Previously published studies, outlined in
Table 1, have applied the MAED to produce projections at both a national and sub-national level with case studies across the world. Recent MAED applications have seen an increase in published studies focusing on sub-Saharan Africa. Kanté et al. [
27] used the MAED to assess various electrification scenarios for the region of Taoussa in Mali from 2020 to 2035. The scenarios employed within the study integrated considerations of demographic, economic, technological, and lifestyle evolution including food security, industrial mechanisation, poverty eradication, and IT equipment expansion. Mpholo et al. [
28] applied the MAED to produce electricity demand forecasts for Lesotho from 2010 to 2030, focusing on national electrification targets within their scenario creation and analysis. Kichonge et al. [
29] similarly used the MAED to obtain forecasts for Tanzania’s whole energy system, including the transport sector, from 2010 to 2040 across three modelled scenarios.

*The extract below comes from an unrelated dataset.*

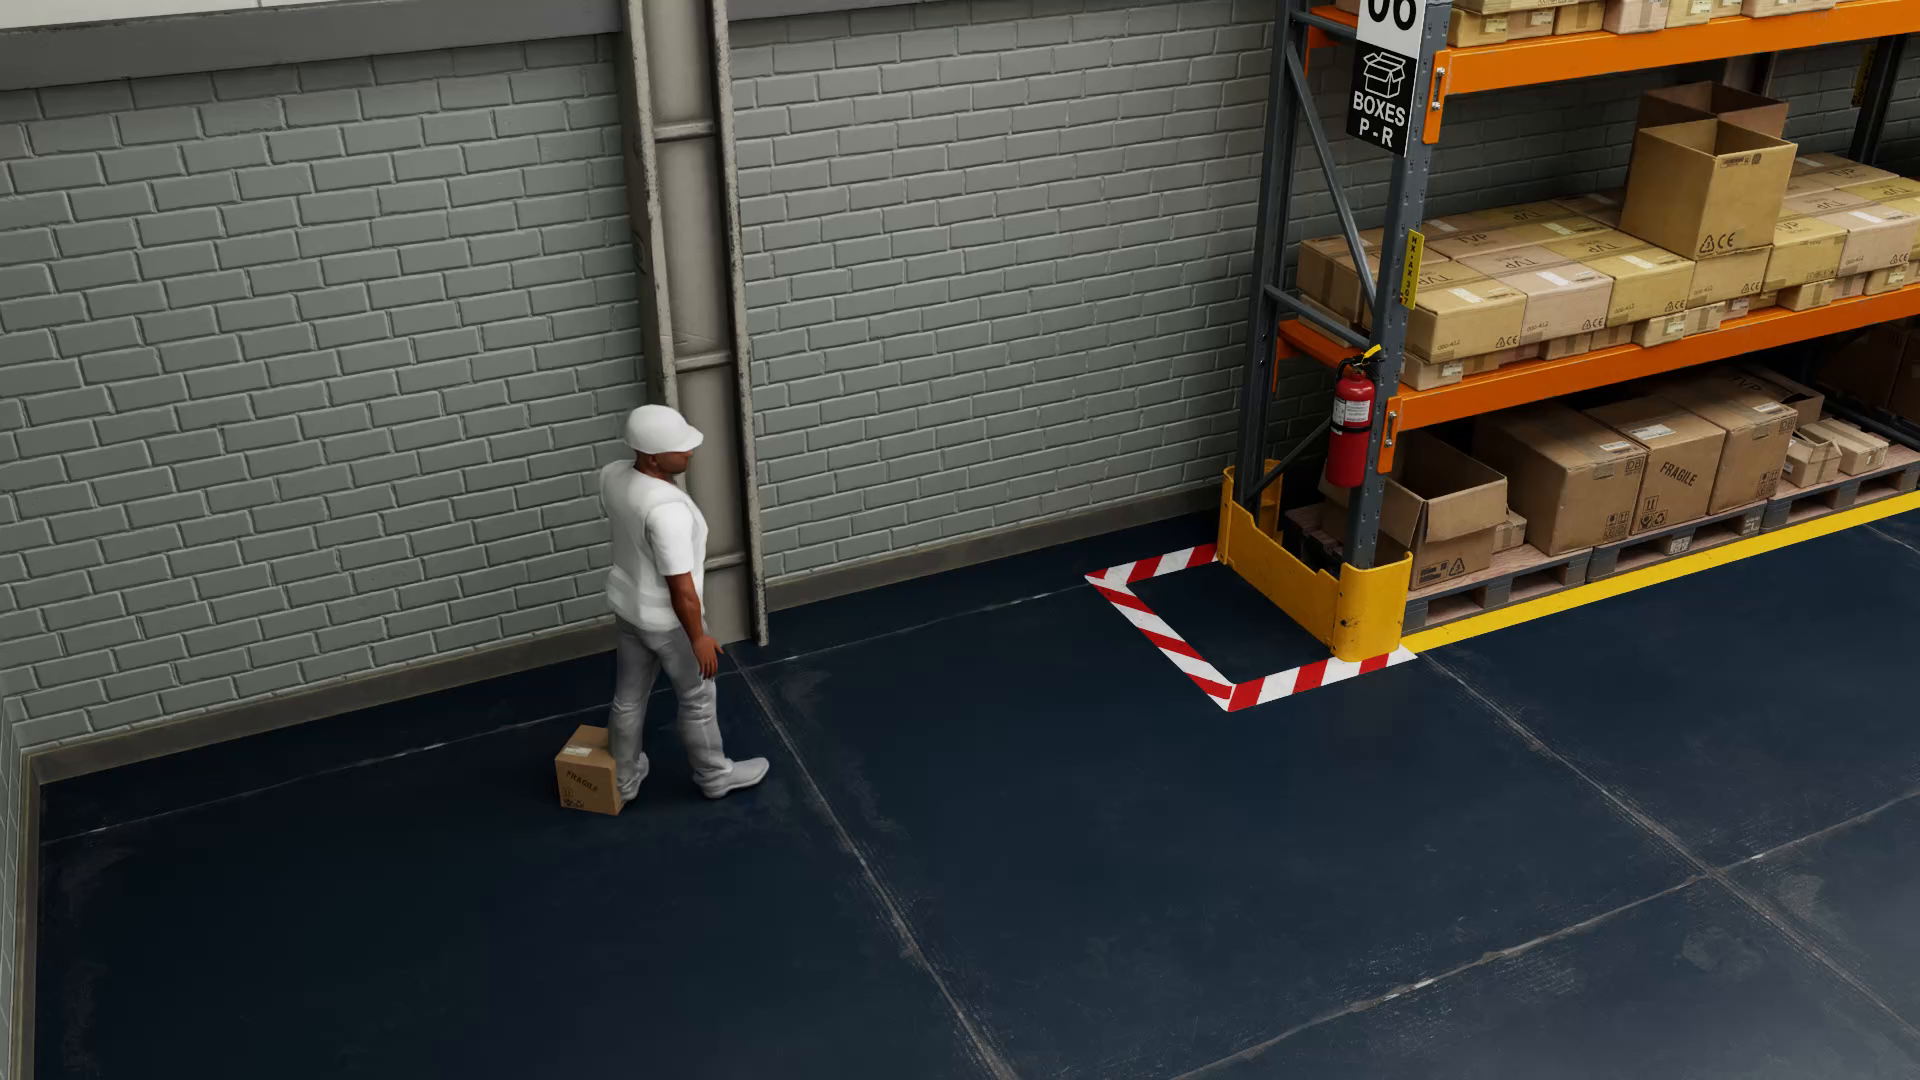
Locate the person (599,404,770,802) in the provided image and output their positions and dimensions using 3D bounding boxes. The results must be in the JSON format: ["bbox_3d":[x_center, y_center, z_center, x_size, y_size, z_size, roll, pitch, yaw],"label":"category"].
[{"bbox_3d":[-1.139,0.270,6.589,0.609,1.766,0.636,-24,37,-36],"label":"person"}]
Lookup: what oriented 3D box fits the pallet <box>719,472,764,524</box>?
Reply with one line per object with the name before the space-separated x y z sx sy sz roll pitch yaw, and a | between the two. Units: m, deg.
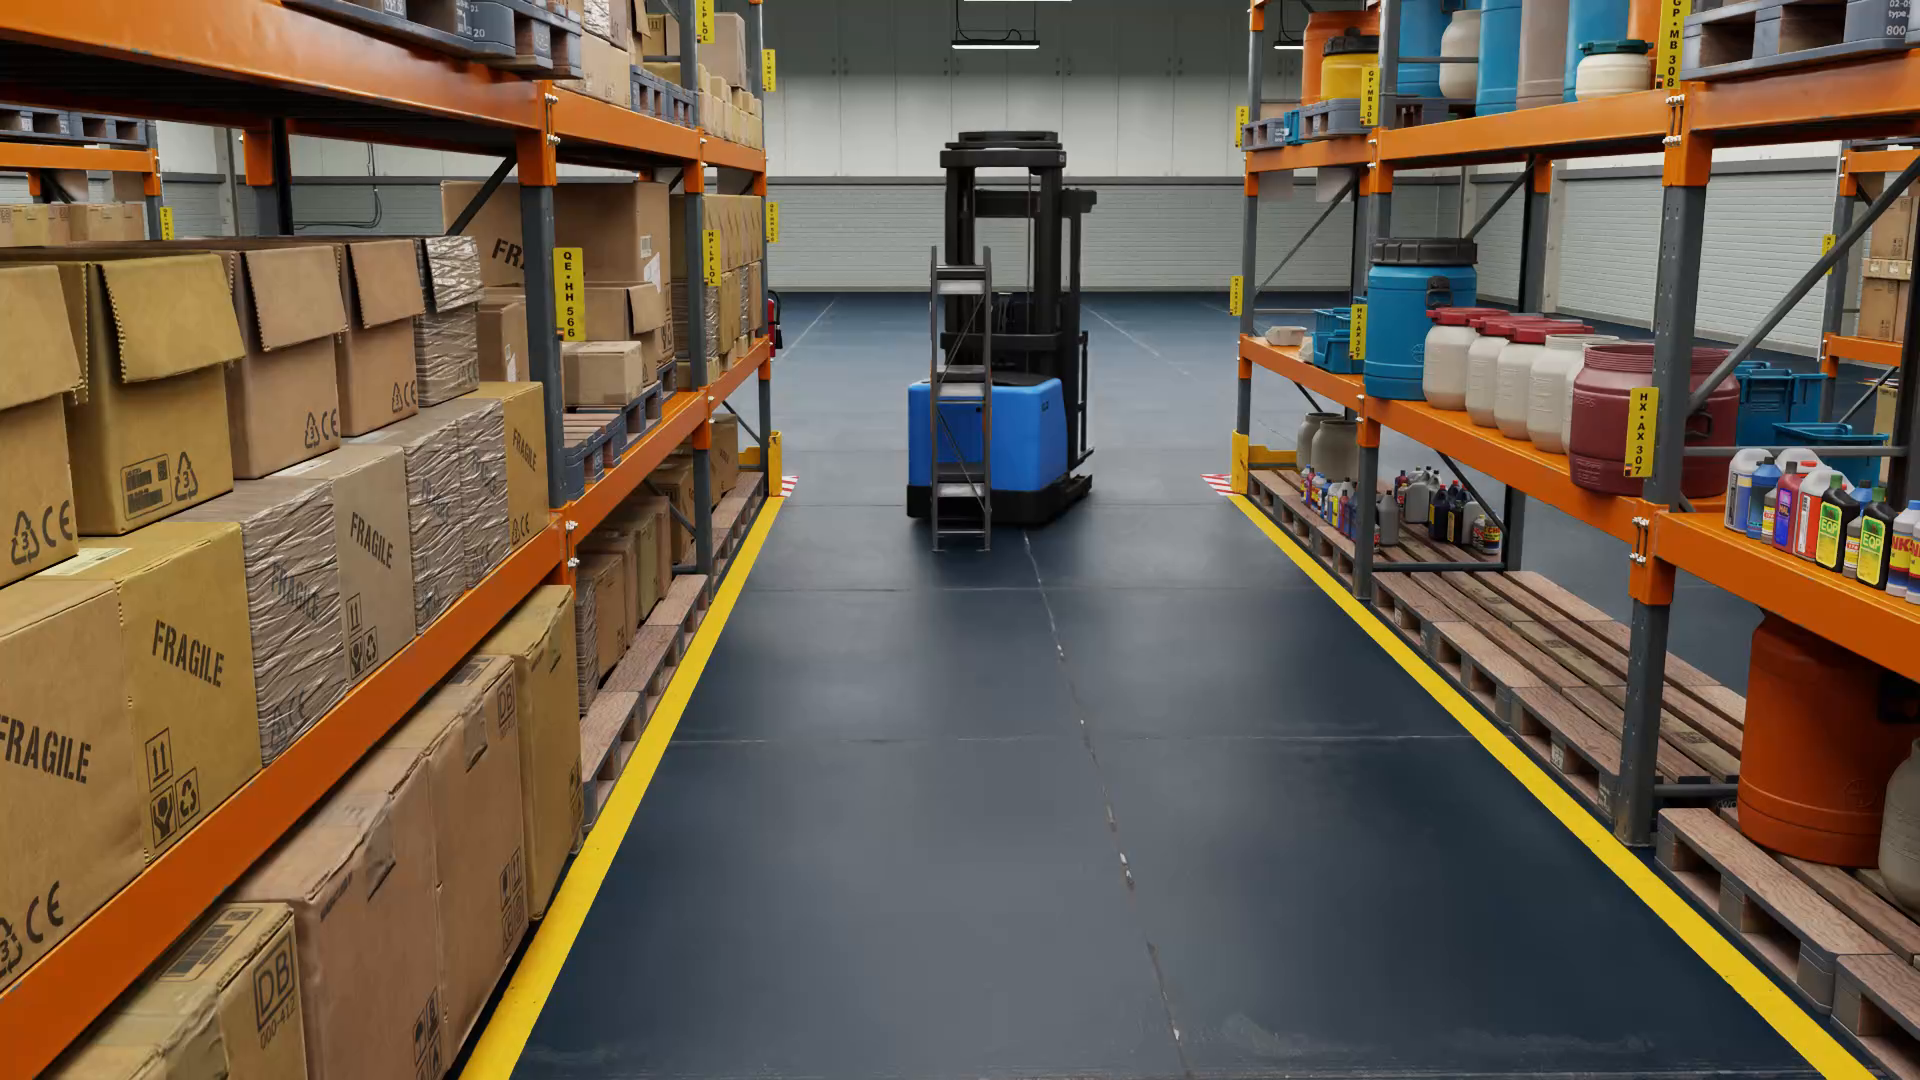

Their study examined a series of policy and behavioural changes across scenarios including urbanisation, unexpected political and economic crises, lifestyle changes, and improved efficiency. Whilst MAED is a widely applied methodology globally, the model’s development and application for Sierra Leone’s energy sector remains unexplored. Therefore, this study builds on previous demand studies, with a novel application of Sierra Leone’s electricity sector to the MAED simulation software, extending the modelling period to 2050 and updating socio-economic and technical inputted data based on best-available national and international data sets.